At least the house was inhabited, I decided; no one could stray for long from a menagerie as exotic as this. I went back to the door, rang the upper bell and waited again. After a minute or two the door was pulled fractionally ajar. A keen, wary face appeared cautiously from around the door, eyeing me guardedly with a shy half-smile as I stood there. Gavin Maxwell was forty-three then, in the autumn of 1957, but to me he looked far older, with a face lean and lined and wrinkled as though he had spent a lifetime in the desert. His pale blue eyes stared at me quizzically from under a mop of flaxen hair.

‘Gavin Maxwell?’ I asked. ‘I’m sorry I’m late. If I am late. I must have pushed the wrong bell.’

‘You’re not late,’ he answered. ‘You’re early.’ He spoke with a carefully modulated deepish tenor voice, enunciating his words positively, even authoritatively.

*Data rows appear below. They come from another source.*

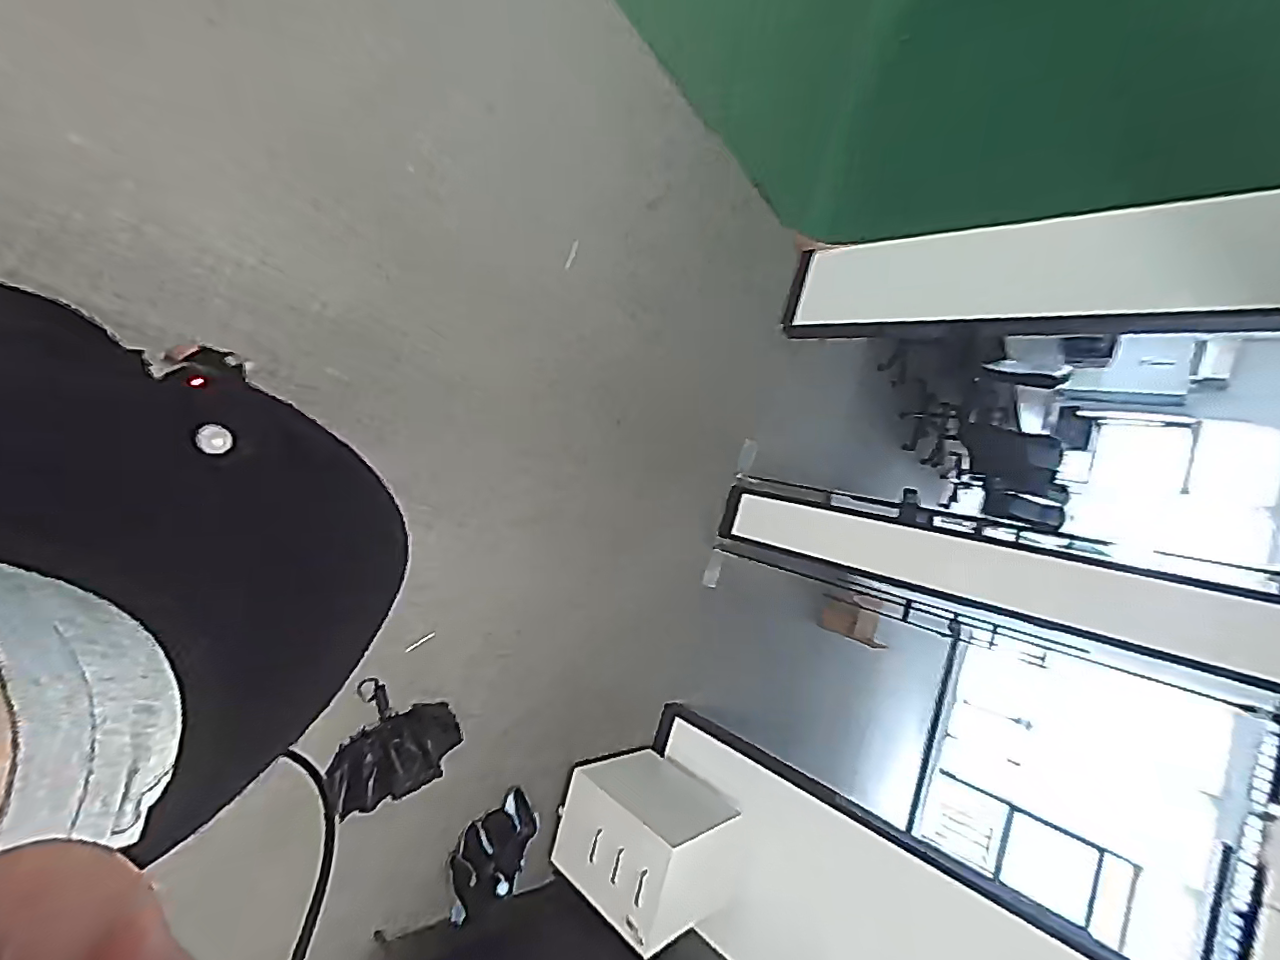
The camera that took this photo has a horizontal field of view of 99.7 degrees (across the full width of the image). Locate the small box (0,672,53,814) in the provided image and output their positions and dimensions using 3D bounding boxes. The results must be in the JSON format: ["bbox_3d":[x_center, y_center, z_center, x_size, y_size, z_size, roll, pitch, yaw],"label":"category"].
[{"bbox_3d":[-1.121,0.436,0.896,0.168,0.176,0.179,22,82,-49],"label":"small box"}]
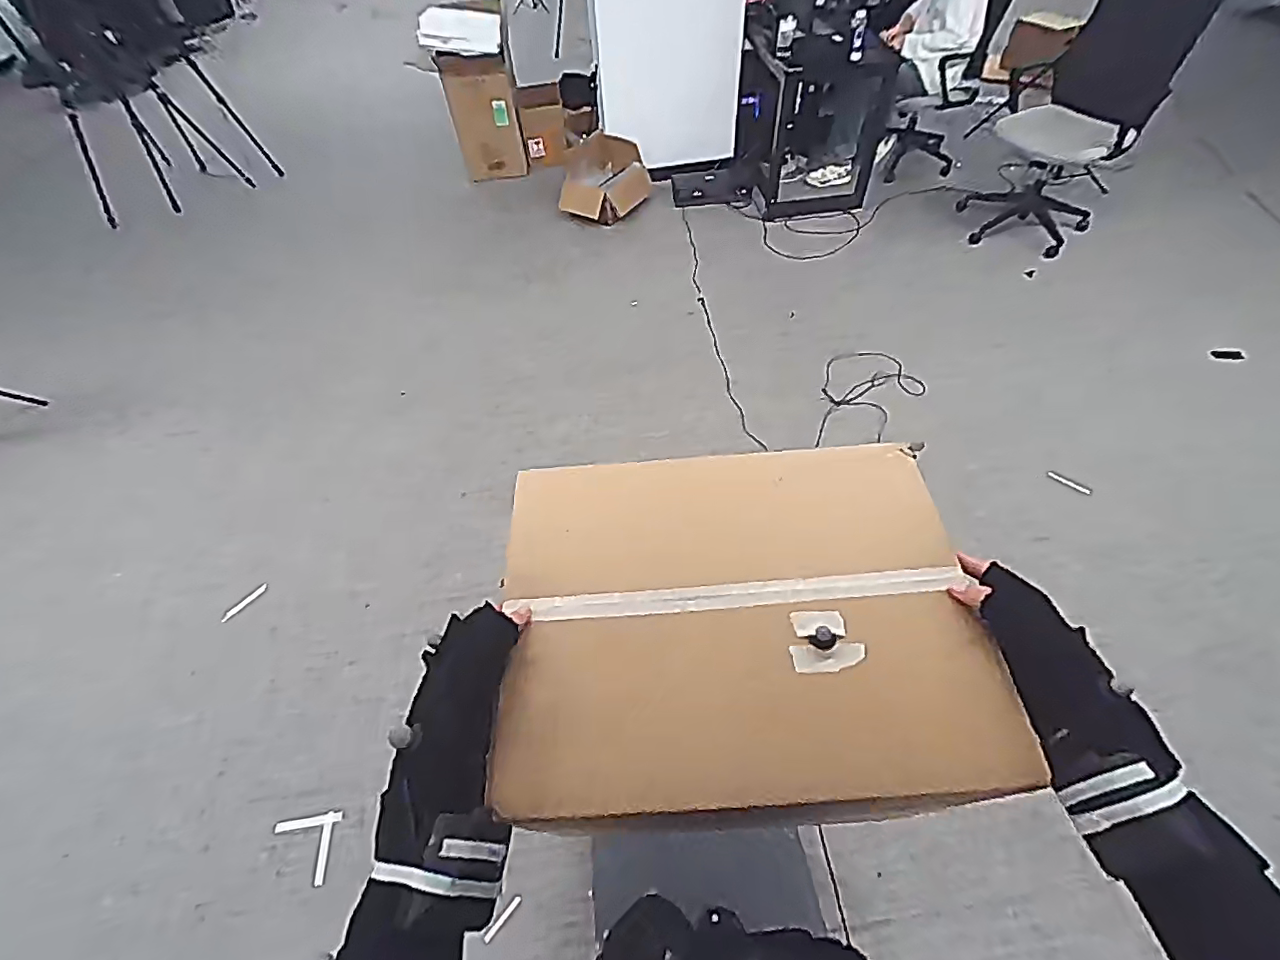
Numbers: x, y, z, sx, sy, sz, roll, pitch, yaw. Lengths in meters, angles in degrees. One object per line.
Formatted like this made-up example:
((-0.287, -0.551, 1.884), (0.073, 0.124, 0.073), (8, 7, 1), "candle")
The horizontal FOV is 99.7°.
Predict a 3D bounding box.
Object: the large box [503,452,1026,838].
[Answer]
((0.090, 0.197, 0.609), (0.408, 0.320, 0.320), (-4, 55, 1), "large box")

‘I heard the doorbell the first time,’ he went on. ‘I was just checking you out through my binoculars from the other end of the room. Come in and have a whisky. After all, it is tea time.’

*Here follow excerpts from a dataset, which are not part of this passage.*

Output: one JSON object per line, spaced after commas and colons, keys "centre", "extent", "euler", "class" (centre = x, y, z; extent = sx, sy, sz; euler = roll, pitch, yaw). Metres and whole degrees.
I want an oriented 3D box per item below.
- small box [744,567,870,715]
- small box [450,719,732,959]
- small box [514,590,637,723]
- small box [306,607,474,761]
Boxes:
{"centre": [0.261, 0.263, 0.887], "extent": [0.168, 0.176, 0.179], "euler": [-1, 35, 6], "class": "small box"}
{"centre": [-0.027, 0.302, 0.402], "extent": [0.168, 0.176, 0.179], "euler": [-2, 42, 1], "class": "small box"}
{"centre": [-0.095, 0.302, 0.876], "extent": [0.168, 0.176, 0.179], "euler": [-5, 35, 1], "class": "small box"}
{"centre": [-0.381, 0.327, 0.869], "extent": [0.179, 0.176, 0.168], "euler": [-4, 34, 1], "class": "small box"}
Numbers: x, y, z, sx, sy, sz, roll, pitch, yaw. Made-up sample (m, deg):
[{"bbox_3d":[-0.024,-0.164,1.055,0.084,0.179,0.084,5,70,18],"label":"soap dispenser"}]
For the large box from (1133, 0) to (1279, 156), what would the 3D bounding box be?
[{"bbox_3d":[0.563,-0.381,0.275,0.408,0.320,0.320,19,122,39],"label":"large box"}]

He ushered me in. The sitting room ran the whole width of the house from front to back. It was clearly no ordinary sitting room. It was ornate, baroque, even eccentric. Partly this was due to the creatures that inhabited it – the dozen or so tropical tanager birds that fluttered freely around the furniture, the giant Saharan monitor lizard I had already seen skulking in its glass case by the window. Partly it was the opulence of the furnishings – the antique aquamarine tapestry hanging from one wall, the magnificent ormolu clock, the tall lampstand of clear fluted glass, the gilded mirror and luxurious velvet curtains. Partly also it was the eclectic assortment of weaponry that was dotted about the room – the chrome-nickel whaling harpoons and curved Arab daggers with jewelled hilts that hung from the walls, and the brace of expensive-looking hunting guns that stood in a corner. A portrait in oils of an attractive, long-haired blonde young woman, painted by Maxwell himself, hung above a mantelpiece. With an expression of faint sensual bemusement she stared across the room towards a life-size ancient Roman terracotta phallus on top of the bookcase opposite.

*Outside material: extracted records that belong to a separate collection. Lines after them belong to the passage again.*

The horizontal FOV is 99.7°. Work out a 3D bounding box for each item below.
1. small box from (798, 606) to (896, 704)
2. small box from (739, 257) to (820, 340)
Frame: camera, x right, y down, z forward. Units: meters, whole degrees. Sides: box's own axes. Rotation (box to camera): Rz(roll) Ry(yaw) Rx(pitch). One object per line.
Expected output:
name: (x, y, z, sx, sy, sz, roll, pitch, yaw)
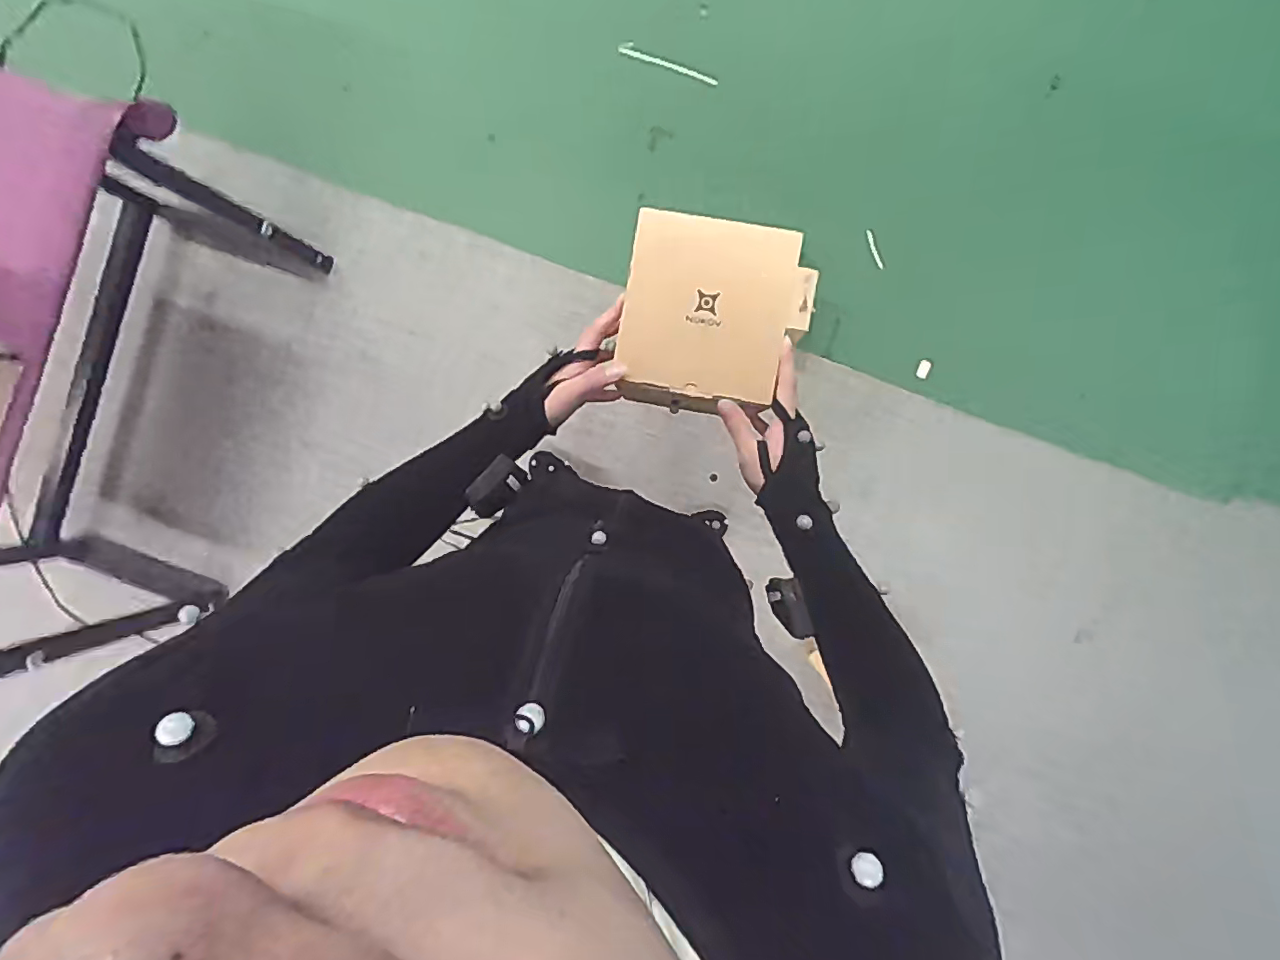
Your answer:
small box: (0.571, 0.482, 1.517, 0.168, 0.176, 0.179, -37, 88, 4)
small box: (0.379, -0.498, 1.504, 0.179, 0.176, 0.168, 10, 92, 4)

When Maxwell went out of the room to fetch water for the whisky I cast a quick eye over the titles in the bookcase. They were a random collection. Some were foreign editions of his own works – one about his shark-hunting venture, another about a Sicilian outlaw and bandit, a third about his travels in the Iraq marshes. Travel books by other authors rubbed covers with volumes on zoology and ornithology, works by Freud on psychoanalysis and Havelock Ellis on the psychology of sex, a book about Salvador Dali, a book by Salvador Dali, and various specialist works including an illustrated monograph on the anatomy of the female human pudenda and a police textbook on forensic medicine and murder in all its forms. When Maxwell came back into the room he said: ‘I had to sell most of my books when I was virtually bankrupted after my shark-hunting business failed. I lost almost everything, my inheritance, the lot. This is all that’s left.’

He sat me down, poured me half a pint of Scotch, opened the drawer of an escritoire, took out a small, ivory-handled pistol and without a word clapped it to my right temple and pulled the trigger.

‘You blinked!’ he cried, laying the pistol down. ‘You’re quite obviously not a born killer.’